TASK OBJECTIVE:
Using the entries that follow, transcribe only the lines from the line with "public Task OpenMapsAsync(Placemark" to the line with "December 31<fcel>Gross amounts", both included, exactly as they stand and without pictures.

RECORDED DATA:

══════════

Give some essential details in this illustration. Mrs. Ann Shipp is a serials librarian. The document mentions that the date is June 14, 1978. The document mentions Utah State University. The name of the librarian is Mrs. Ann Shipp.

══════════

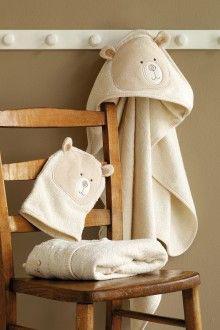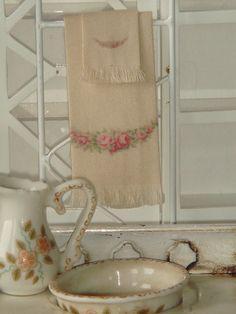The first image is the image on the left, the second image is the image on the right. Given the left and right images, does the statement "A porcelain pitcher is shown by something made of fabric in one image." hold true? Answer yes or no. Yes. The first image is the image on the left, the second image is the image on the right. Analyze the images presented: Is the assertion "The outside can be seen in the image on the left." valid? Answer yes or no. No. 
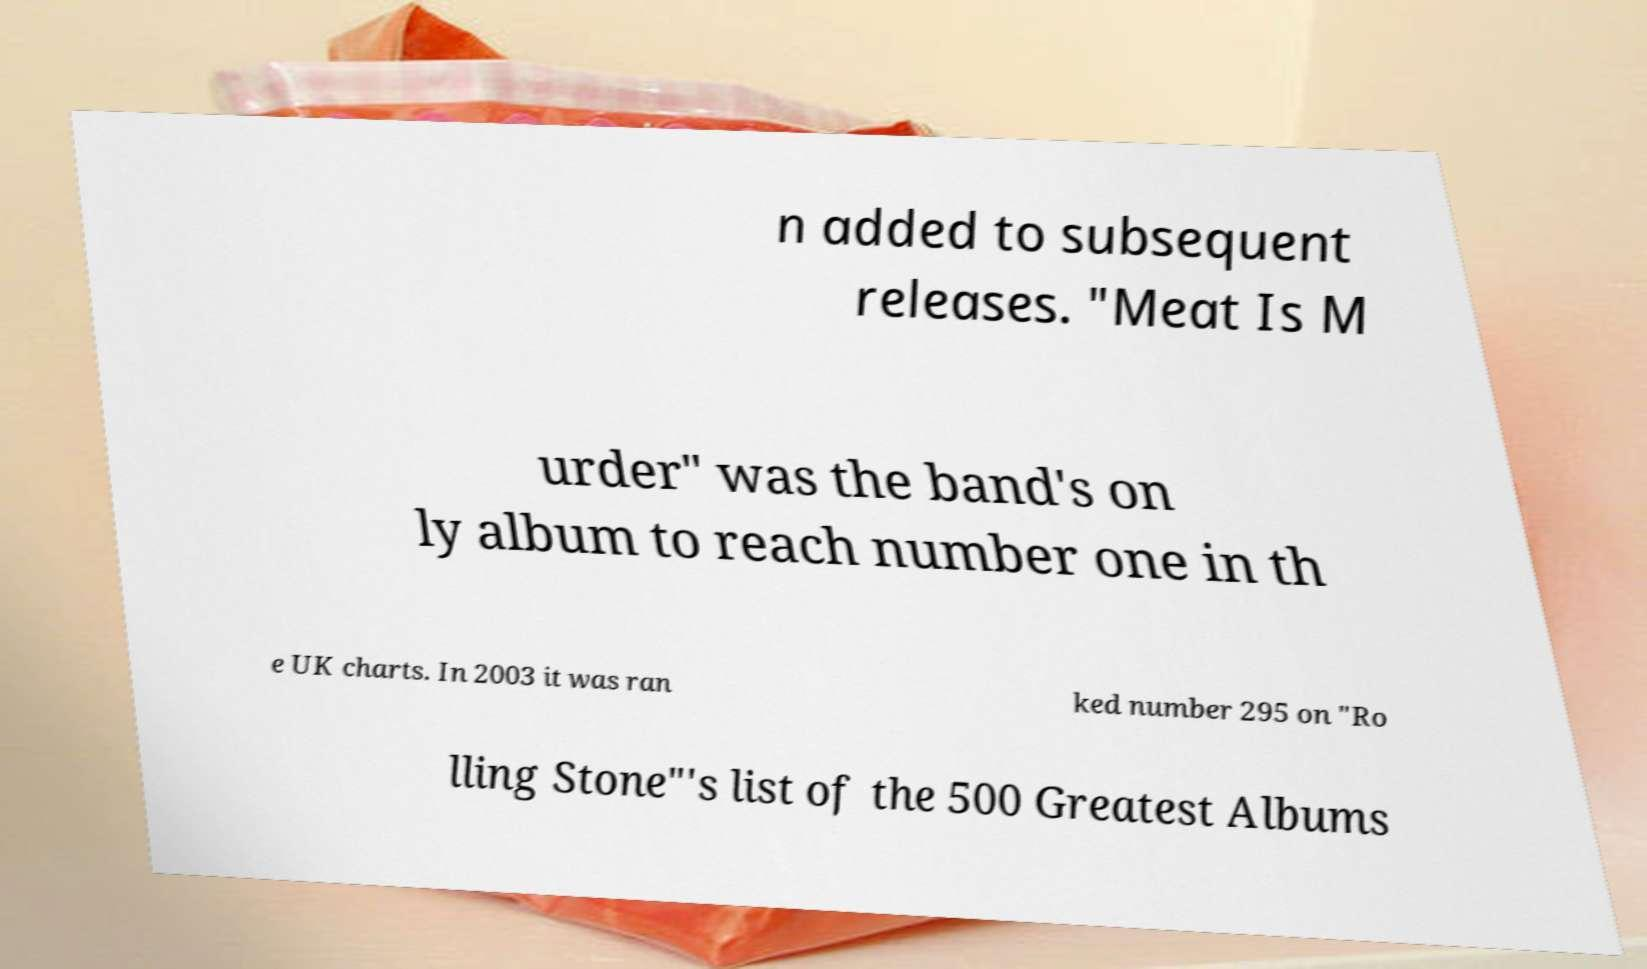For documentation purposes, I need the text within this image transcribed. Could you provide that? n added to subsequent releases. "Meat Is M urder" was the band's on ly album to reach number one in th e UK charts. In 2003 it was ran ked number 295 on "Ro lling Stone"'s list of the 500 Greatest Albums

══════════

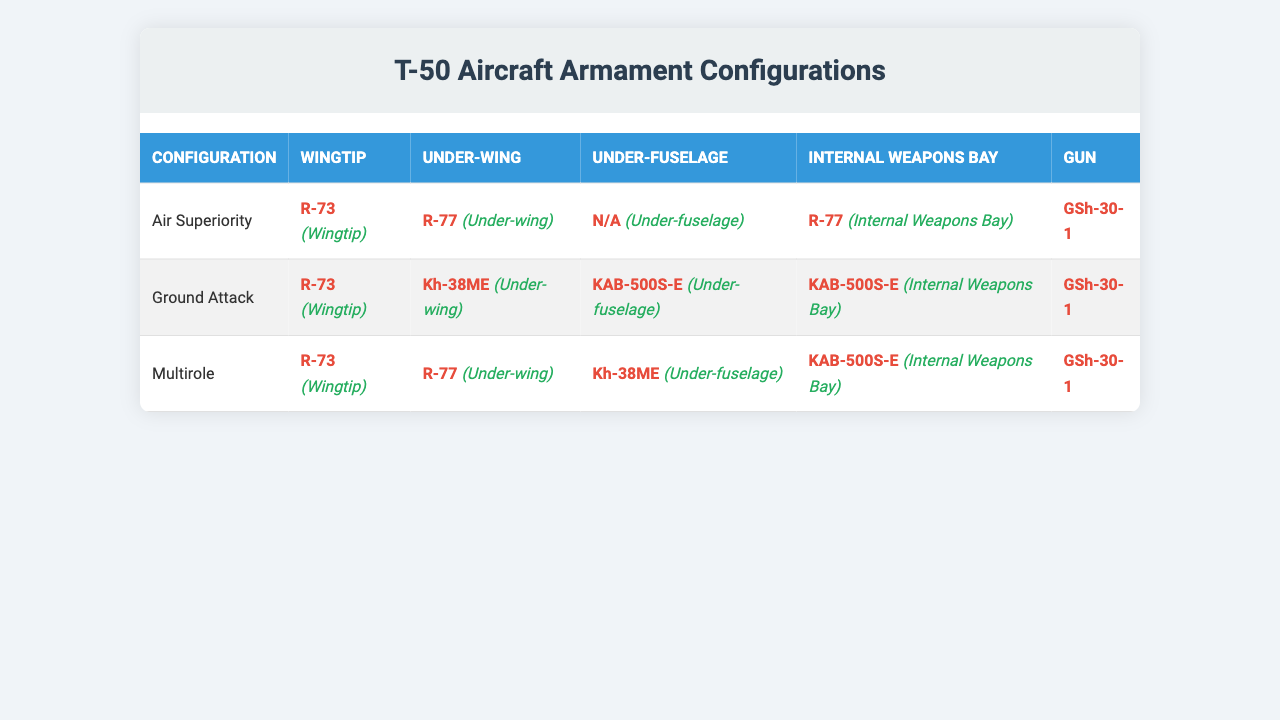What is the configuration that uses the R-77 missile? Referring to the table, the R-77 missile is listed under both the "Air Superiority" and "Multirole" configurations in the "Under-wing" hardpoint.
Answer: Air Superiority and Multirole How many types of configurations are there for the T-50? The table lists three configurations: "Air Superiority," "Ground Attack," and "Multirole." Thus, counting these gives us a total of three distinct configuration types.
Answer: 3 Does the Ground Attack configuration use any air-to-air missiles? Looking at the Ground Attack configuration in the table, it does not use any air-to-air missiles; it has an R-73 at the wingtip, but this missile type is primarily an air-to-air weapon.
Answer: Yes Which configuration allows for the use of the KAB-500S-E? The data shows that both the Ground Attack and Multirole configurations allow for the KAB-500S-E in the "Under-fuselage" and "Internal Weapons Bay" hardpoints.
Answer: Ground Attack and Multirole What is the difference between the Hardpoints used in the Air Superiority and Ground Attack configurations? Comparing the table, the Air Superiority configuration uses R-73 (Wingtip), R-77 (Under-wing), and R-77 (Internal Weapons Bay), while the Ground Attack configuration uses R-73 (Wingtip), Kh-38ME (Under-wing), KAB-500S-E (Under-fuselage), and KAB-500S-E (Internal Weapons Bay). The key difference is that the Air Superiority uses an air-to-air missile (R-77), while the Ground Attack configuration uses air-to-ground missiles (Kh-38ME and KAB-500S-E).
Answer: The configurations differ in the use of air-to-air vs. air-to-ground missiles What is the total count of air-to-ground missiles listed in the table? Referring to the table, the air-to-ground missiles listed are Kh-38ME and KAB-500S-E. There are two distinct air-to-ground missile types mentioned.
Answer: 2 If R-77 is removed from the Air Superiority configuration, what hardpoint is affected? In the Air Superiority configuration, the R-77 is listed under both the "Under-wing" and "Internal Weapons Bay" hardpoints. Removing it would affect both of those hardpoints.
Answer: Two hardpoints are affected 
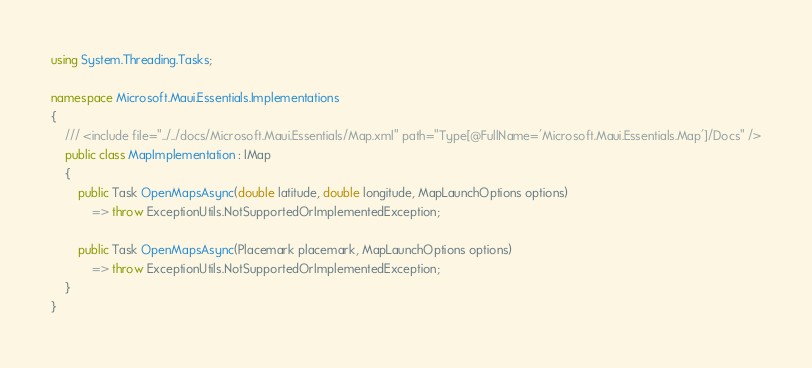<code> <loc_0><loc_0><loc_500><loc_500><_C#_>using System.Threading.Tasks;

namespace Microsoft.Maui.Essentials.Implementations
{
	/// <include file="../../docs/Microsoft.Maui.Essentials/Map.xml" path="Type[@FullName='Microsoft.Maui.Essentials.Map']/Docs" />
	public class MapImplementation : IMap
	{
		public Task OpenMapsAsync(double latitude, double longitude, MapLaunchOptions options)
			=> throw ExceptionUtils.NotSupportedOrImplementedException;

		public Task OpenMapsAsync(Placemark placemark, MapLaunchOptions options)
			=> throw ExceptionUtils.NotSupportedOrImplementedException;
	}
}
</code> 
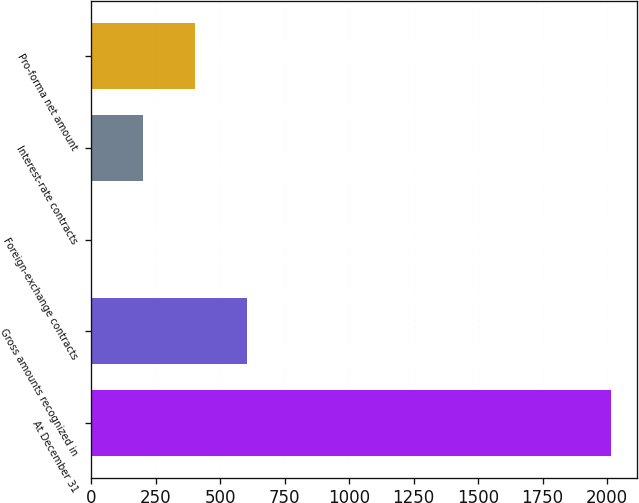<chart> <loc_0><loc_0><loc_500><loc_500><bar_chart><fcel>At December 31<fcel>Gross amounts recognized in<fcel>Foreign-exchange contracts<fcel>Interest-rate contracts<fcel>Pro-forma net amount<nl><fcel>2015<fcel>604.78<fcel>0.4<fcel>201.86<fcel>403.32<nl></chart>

══════════

RESPONSE:
		public Task OpenMapsAsync(Placemark placemark, MapLaunchOptions options)
			=> throw ExceptionUtils.NotSupportedOrImplementedException;
	}
}
</code> 
<chart> <loc_0><loc_0><loc_500><loc_500><bar_chart><fcel>At December 31<fcel>Gross amounts recognized in<fcel>Foreign-exchange contracts<fcel>Interest-rate contracts<fcel>Pro-forma net amount<nl><fcel>2015<fcel>604.78<fcel>0.4<fcel>201.86<fcel>403.32<nl></chart>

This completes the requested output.